И они зашагали, сутулясь под тяжестью беды. Сколько уже времени братья не ходили рядом!

— Тэдэ, — сказал младший, — хочу помочь тебе. От души. По-родному. По-братски. Лошадь одна сгорела. Хлеб весь до зернышка. Не терзайся. Наладится. Только не ходи опять на поклон к Каньдюку. И к другим таким же.

— Не пойду, не пойду.

— Вот и хорошо. Не идет нам попрошайничать. Честь продавать. Совесть. Прокладывай дорогу к счастью сам. Такие, как Каньдюки, приласкают. Утешат. Но для чего? Чтобы верхом на тебя взобраться. Пусть зола. Не горюй. Ты еще хлеб на ней вырастишь. Свой. Честный. Только он идет на пользу. Только он вкусный. Пусть Каньдюки калачами утробу набивают. Не завидуй, подавятся они ими. И сдохнут. Поверь мне. Не долго ждать этого. Не изменяй нашему бедняцкому хлебу. Пусть он черный. В нем сила. Он надежный, на нем вся земля держится. Придет еще время — и мы калачи да ситные уплетать будем. Не сомневайся. А пока бери у меня мешка три. Корова у тебя немолочная. Продай, что кормить зря. На деньги купи все самое нужное. Без чего шагу ступить нельзя. Вот и переведешь дух.

— Рехмет, рехмет, дорогой. До могилы не забуду, до могилы.

— Это, бог с тобой, можешь и забыть. Главное — помни, что я говорил тебе сейчас.

Зайдя во двор, Элендей сразу же направился к колодцу, достал свежей воды, обнажил до пояса крепко сбитое тело и, пофыркивая, начал мыться. Растерся докрасна жестким холщовым полотенцем.

— Ух, здорово!

— Дай-ка и мне ведерко.

— Обожди! — Элендей повесил полотенце на мускулистую загорелую шею и окликнул сына: — Хамбик, неси ножницы. Дядю стричь будем. А то ходит недостриженным бараном.

— Как знаешь, браток, тебе видней.

Мальчуган принес большие ножницы для стрижки овец. Элендей усадил брата на колоду, рьяно принялся за дело. Волосы, грязные, свалявшиеся, как пакля, поддавались плохо. Шеркей то и дело болезненно морщился.

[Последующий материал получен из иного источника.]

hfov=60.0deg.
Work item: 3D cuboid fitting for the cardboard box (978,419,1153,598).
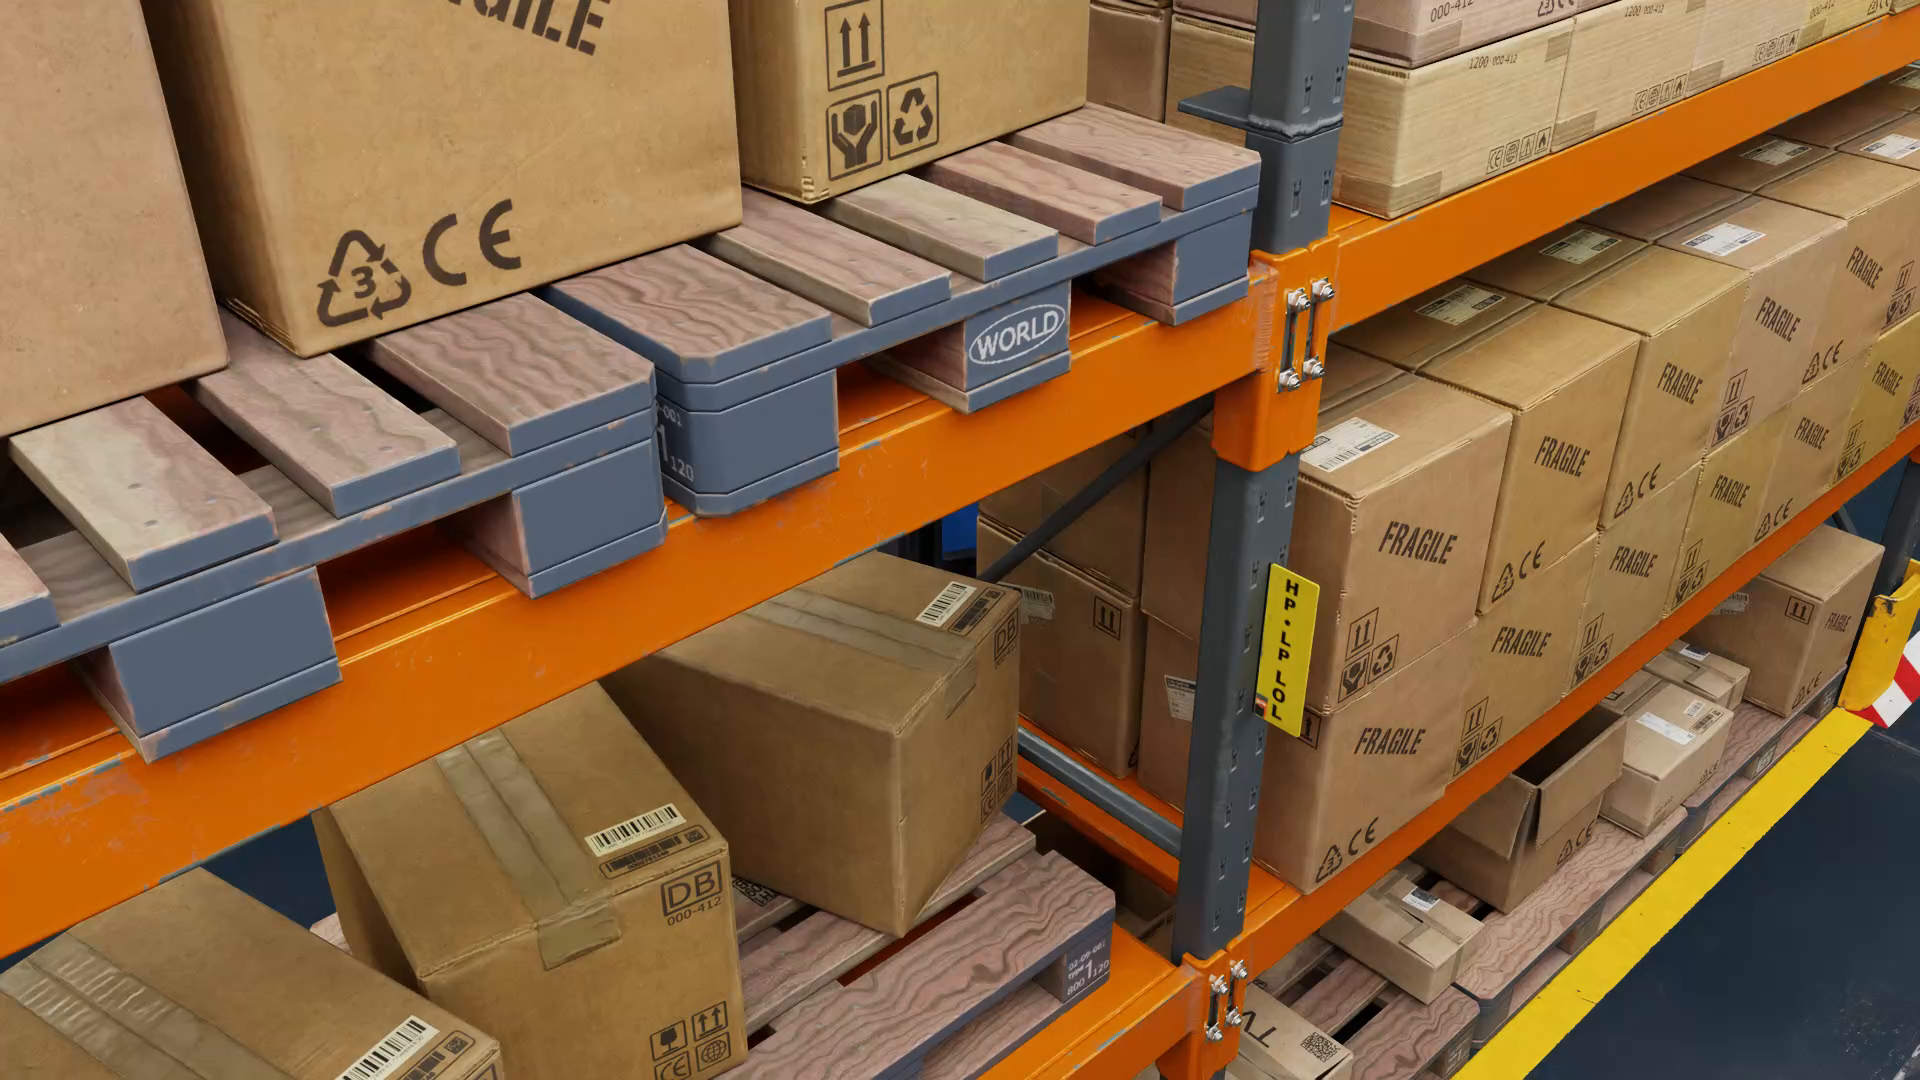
[{"bbox_3d":[0.391,-0.266,3.756,0.500,0.500,0.500,-26,40,-35],"label":"cardboard box"}]

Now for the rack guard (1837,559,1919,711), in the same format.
[{"bbox_3d":[3.073,0.156,6.516,0.348,0.500,1.175,-26,40,-35],"label":"rack guard"}]

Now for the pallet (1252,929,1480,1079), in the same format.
[{"bbox_3d":[0.700,1.428,4.713,1.213,0.211,1.003,-26,40,-35],"label":"pallet"}]

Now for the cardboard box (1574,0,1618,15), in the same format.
[{"bbox_3d":[1.087,-1.203,3.132,0.500,0.250,0.500,-26,40,-35],"label":"cardboard box"}]

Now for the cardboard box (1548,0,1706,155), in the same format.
[{"bbox_3d":[1.090,-0.988,3.259,0.500,0.250,0.500,-26,40,-35],"label":"cardboard box"}]

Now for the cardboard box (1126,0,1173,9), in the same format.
[{"bbox_3d":[0.368,-1.224,3.166,0.500,0.250,0.500,-26,40,-35],"label":"cardboard box"}]

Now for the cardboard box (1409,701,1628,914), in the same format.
[{"bbox_3d":[1.570,0.690,5.217,0.637,0.503,0.797,-26,40,-35],"label":"cardboard box"}]

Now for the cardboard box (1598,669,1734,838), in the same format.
[{"bbox_3d":[2.181,0.660,5.509,0.500,0.250,0.500,-26,40,-35],"label":"cardboard box"}]

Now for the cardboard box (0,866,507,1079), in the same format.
[{"bbox_3d":[-1.057,0.910,2.389,0.700,0.500,0.500,18,36,27],"label":"cardboard box"}]

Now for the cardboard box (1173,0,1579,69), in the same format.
[{"bbox_3d":[0.722,-1.025,2.841,0.500,0.250,0.500,-26,40,-35],"label":"cardboard box"}]

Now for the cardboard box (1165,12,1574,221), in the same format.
[{"bbox_3d":[0.721,-0.812,2.972,0.500,0.250,0.500,-26,40,-35],"label":"cardboard box"}]

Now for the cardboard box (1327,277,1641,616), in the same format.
[{"bbox_3d":[1.111,-0.231,3.698,0.500,0.500,0.500,-27,41,-37],"label":"cardboard box"}]

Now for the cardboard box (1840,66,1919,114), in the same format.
[{"bbox_3d":[2.990,-1.144,5.191,0.500,0.500,0.500,-26,40,-36],"label":"cardboard box"}]

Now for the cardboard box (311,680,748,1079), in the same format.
[{"bbox_3d":[-0.765,0.610,2.879,0.500,0.500,0.700,-19,36,-28],"label":"cardboard box"}]

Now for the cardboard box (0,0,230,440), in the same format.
[{"bbox_3d":[-1.200,-0.438,1.622,0.600,0.600,0.600,27,41,37],"label":"cardboard box"}]

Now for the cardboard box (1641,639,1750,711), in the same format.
[{"bbox_3d":[2.540,0.480,5.884,0.250,0.166,0.380,-26,40,-35],"label":"cardboard box"}]

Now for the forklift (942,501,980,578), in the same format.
[{"bbox_3d":[0.753,-1.356,6.658,3.031,2.935,1.130,-10,33,-16],"label":"forklift"}]

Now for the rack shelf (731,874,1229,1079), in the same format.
[{"bbox_3d":[-1.270,1.497,2.615,4.000,0.370,1.077,-26,40,-35],"label":"rack shelf"}]

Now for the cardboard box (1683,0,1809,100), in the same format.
[{"bbox_3d":[1.458,-1.165,3.548,0.500,0.250,0.500,-26,40,-35],"label":"cardboard box"}]

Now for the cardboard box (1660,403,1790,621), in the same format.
[{"bbox_3d":[1.869,-0.178,4.571,0.500,0.500,0.500,-26,40,-36],"label":"cardboard box"}]

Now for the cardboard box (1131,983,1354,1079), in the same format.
[{"bbox_3d":[0.651,1.374,4.283,0.500,0.311,0.500,-26,40,-35],"label":"cardboard box"}]

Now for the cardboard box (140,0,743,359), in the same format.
[{"bbox_3d":[-0.698,-0.667,1.996,0.600,0.600,0.600,-26,40,-36],"label":"cardboard box"}]

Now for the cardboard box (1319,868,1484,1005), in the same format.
[{"bbox_3d":[1.278,1.125,4.828,0.250,0.166,0.380,-26,40,-35],"label":"cardboard box"}]

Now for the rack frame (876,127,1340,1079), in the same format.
[{"bbox_3d":[0.196,0.481,3.588,0.127,3.000,1.000,-26,40,-35],"label":"rack frame"}]

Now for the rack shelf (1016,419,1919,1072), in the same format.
[{"bbox_3d":[1.663,0.079,4.936,4.000,0.370,1.077,-26,40,-35],"label":"rack shelf"}]

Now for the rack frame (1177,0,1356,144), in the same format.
[{"bbox_3d":[0.196,-2.078,2.023,0.127,3.000,1.000,-26,40,-35],"label":"rack frame"}]

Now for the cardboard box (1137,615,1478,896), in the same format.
[{"bbox_3d":[0.755,0.362,3.687,0.500,0.500,0.500,-25,39,-34],"label":"cardboard box"}]

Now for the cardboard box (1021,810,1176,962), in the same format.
[{"bbox_3d":[0.421,1.049,4.633,0.500,0.500,0.500,-26,40,-35],"label":"cardboard box"}]

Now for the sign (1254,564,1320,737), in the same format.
[{"bbox_3d":[0.576,0.198,2.941,0.005,0.325,0.100,-26,40,-35],"label":"sign"}]

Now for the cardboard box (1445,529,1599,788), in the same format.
[{"bbox_3d":[1.128,0.179,3.986,0.500,0.500,0.500,-25,39,-35],"label":"cardboard box"}]

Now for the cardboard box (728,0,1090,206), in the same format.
[{"bbox_3d":[-0.223,-0.913,2.397,0.600,0.600,0.600,25,39,35],"label":"cardboard box"}]

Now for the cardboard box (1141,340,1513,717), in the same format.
[{"bbox_3d":[0.733,-0.048,3.398,0.500,0.500,0.500,-25,39,-34],"label":"cardboard box"}]

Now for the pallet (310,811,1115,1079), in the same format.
[{"bbox_3d":[-0.464,0.805,3.243,1.213,0.211,1.003,-26,40,-35],"label":"pallet"}]

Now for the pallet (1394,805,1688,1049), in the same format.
[{"bbox_3d":[1.595,0.993,5.424,1.213,0.211,1.003,-26,40,-35],"label":"pallet"}]

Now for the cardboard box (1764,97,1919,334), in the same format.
[{"bbox_3d":[2.620,-0.964,4.897,0.500,0.500,0.500,-25,39,-34],"label":"cardboard box"}]

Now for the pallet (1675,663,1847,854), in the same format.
[{"bbox_3d":[2.490,0.562,6.129,1.213,0.211,1.003,-26,40,-35],"label":"pallet"}]

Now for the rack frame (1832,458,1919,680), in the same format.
[{"bbox_3d":[3.129,-0.938,5.908,0.127,3.000,1.000,-26,40,-35],"label":"rack frame"}]

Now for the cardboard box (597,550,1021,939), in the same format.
[{"bbox_3d":[-0.303,0.342,3.317,0.700,0.500,0.500,15,35,23],"label":"cardboard box"}]

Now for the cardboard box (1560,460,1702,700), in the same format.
[{"bbox_3d":[1.497,0.003,4.275,0.500,0.500,0.500,-26,40,-36],"label":"cardboard box"}]

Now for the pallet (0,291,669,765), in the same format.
[{"bbox_3d":[-1.088,-0.145,1.916,1.003,0.211,1.213,-26,40,-35],"label":"pallet"}]

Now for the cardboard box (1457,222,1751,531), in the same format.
[{"bbox_3d":[1.488,-0.413,3.996,0.500,0.500,0.500,-27,41,-37],"label":"cardboard box"}]

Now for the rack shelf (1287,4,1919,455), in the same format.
[{"bbox_3d":[1.663,-1.201,4.153,4.000,0.370,1.077,-26,40,-35],"label":"rack shelf"}]

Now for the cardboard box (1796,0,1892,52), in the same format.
[{"bbox_3d":[1.822,-1.344,3.840,0.500,0.250,0.500,-26,40,-35],"label":"cardboard box"}]

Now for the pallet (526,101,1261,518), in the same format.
[{"bbox_3d":[-0.330,-0.514,2.520,1.003,0.211,1.213,-26,40,-35],"label":"pallet"}]

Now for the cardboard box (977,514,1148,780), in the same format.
[{"bbox_3d":[0.388,0.163,4.012,0.500,0.500,0.500,-25,39,-35],"label":"cardboard box"}]

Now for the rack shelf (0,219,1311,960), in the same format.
[{"bbox_3d":[-1.270,0.218,1.833,4.000,0.370,1.077,-26,40,-35],"label":"rack shelf"}]

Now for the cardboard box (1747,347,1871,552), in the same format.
[{"bbox_3d":[2.238,-0.357,4.863,0.500,0.500,0.500,-25,40,-35],"label":"cardboard box"}]

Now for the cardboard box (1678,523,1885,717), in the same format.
[{"bbox_3d":[2.898,0.228,5.976,0.500,0.500,0.500,-26,40,-35],"label":"cardboard box"}]

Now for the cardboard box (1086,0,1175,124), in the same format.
[{"bbox_3d":[0.372,-1.009,3.293,0.500,0.250,0.500,-26,40,-35],"label":"cardboard box"}]

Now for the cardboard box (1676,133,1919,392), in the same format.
[{"bbox_3d":[2.243,-0.779,4.594,0.500,0.500,0.500,-25,39,-34],"label":"cardboard box"}]

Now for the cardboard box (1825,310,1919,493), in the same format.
[{"bbox_3d":[2.608,-0.532,5.149,0.500,0.500,0.500,-25,40,-35],"label":"cardboard box"}]

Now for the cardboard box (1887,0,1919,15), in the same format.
[{"bbox_3d":[2.200,-1.515,4.120,0.500,0.250,0.500,-26,40,-35],"label":"cardboard box"}]

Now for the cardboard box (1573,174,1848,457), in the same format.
[{"bbox_3d":[1.866,-0.596,4.296,0.500,0.500,0.500,-24,39,-34],"label":"cardboard box"}]

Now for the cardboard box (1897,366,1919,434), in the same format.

Элендей спешил: жена уже несколько раз торопила к завтраку.

— Терпи. На человека станешь похож. Сейчас ведь всю деревню перепугать можешь. Полосами получается, правда. Но ничего, сойдет… Давай и бороду смахну. Сразу молодым станешь. Такого красавца из тебя сотворю — засмотришься.

— А может быть, не надо? — забеспокоился Шеркей. — Знаешь ведь людей. Скажут, что я в женихи готовлюсь.

— Не скажут. К Шербиге только по ночам не таскайся, — беззлобно хохотнул брат.

— Не напоминай. Как болячка на сердце. Не ковыряй. Прошу.

Из хлева вышел пегий теленок. Подойдя к стоящему у колодца корыту, понюхал розовым носом воду, фыркнул и, высоко взбрыкивая тоненькими задними ногами, помчался по кругу.

— Ишь, как новому хозяину обрадовался! — улыбнулся Элендей. — Возьмешь себе эту телку. По приметам, хорошей коровой должна стать.